- Problem to work on
Output the listing verbatim, leaving out every picture.

*** Opening of Data section ***

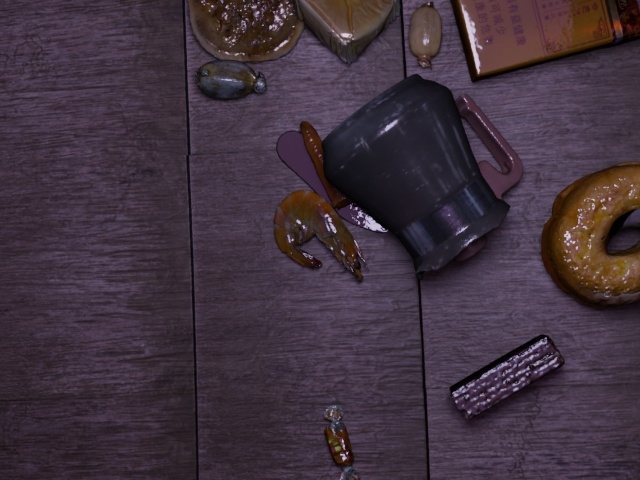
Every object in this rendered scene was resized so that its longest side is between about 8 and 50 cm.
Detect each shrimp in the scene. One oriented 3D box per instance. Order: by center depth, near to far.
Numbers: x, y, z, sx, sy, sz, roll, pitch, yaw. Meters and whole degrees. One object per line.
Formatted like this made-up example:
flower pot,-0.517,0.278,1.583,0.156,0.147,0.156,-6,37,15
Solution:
shrimp,0.000,0.000,1.813,0.249,0.068,0.150,43,104,12

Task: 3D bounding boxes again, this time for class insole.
insole,0.035,-0.128,1.842,0.328,0.007,0.111,38,90,8

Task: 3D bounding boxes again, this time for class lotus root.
lotus root,0.227,-0.446,1.814,0.073,0.062,0.150,2,85,7
lotus root,-0.197,-0.356,1.849,0.165,0.088,0.088,3,86,3

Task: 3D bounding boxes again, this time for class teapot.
teapot,0.226,-0.139,1.707,0.376,0.305,0.361,-36,92,-26

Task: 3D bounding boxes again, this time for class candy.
candy,0.044,0.441,1.781,0.053,0.046,0.182,-16,82,3

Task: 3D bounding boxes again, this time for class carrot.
carrot,0.008,-0.171,1.819,0.061,0.061,0.209,-30,80,4

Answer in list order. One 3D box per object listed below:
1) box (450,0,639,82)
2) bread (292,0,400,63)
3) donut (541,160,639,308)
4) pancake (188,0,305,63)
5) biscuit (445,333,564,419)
box,0.491,-0.509,1.745,0.416,0.116,0.264,-15,92,4
bread,0.054,-0.515,1.809,0.210,0.110,0.192,43,82,2
donut,0.615,-0.010,1.698,0.299,0.150,0.317,27,89,5
pancake,-0.164,-0.525,1.873,0.283,0.049,0.282,0,87,3
biscuit,0.376,0.281,1.725,0.252,0.106,0.070,-31,82,3

*** Close of Data section ***

- Answer
Every object in this rendered scene was resized so that its longest side is between about 8 and 50 cm.
Detect each shrimp in the scene. One oriented 3D box per instance. Order: by center depth, near to far.
Numbers: x, y, z, sx, sy, sz, roll, pitch, yaw. Meters and whole degrees. One object per line.
Formatted like this made-up example:
flower pot,-0.517,0.278,1.583,0.156,0.147,0.156,-6,37,15
Solution:
shrimp,0.000,0.000,1.813,0.249,0.068,0.150,43,104,12

Task: 3D bounding boxes again, this time for class insole.
insole,0.035,-0.128,1.842,0.328,0.007,0.111,38,90,8

Task: 3D bounding boxes again, this time for class lotus root.
lotus root,0.227,-0.446,1.814,0.073,0.062,0.150,2,85,7
lotus root,-0.197,-0.356,1.849,0.165,0.088,0.088,3,86,3

Task: 3D bounding boxes again, this time for class teapot.
teapot,0.226,-0.139,1.707,0.376,0.305,0.361,-36,92,-26

Task: 3D bounding boxes again, this time for class candy.
candy,0.044,0.441,1.781,0.053,0.046,0.182,-16,82,3

Task: 3D bounding boxes again, this time for class carrot.
carrot,0.008,-0.171,1.819,0.061,0.061,0.209,-30,80,4

Answer in list order. One 3D box per object listed below:
1) box (450,0,639,82)
2) bread (292,0,400,63)
3) donut (541,160,639,308)
4) pancake (188,0,305,63)
5) biscuit (445,333,564,419)
box,0.491,-0.509,1.745,0.416,0.116,0.264,-15,92,4
bread,0.054,-0.515,1.809,0.210,0.110,0.192,43,82,2
donut,0.615,-0.010,1.698,0.299,0.150,0.317,27,89,5
pancake,-0.164,-0.525,1.873,0.283,0.049,0.282,0,87,3
biscuit,0.376,0.281,1.725,0.252,0.106,0.070,-31,82,3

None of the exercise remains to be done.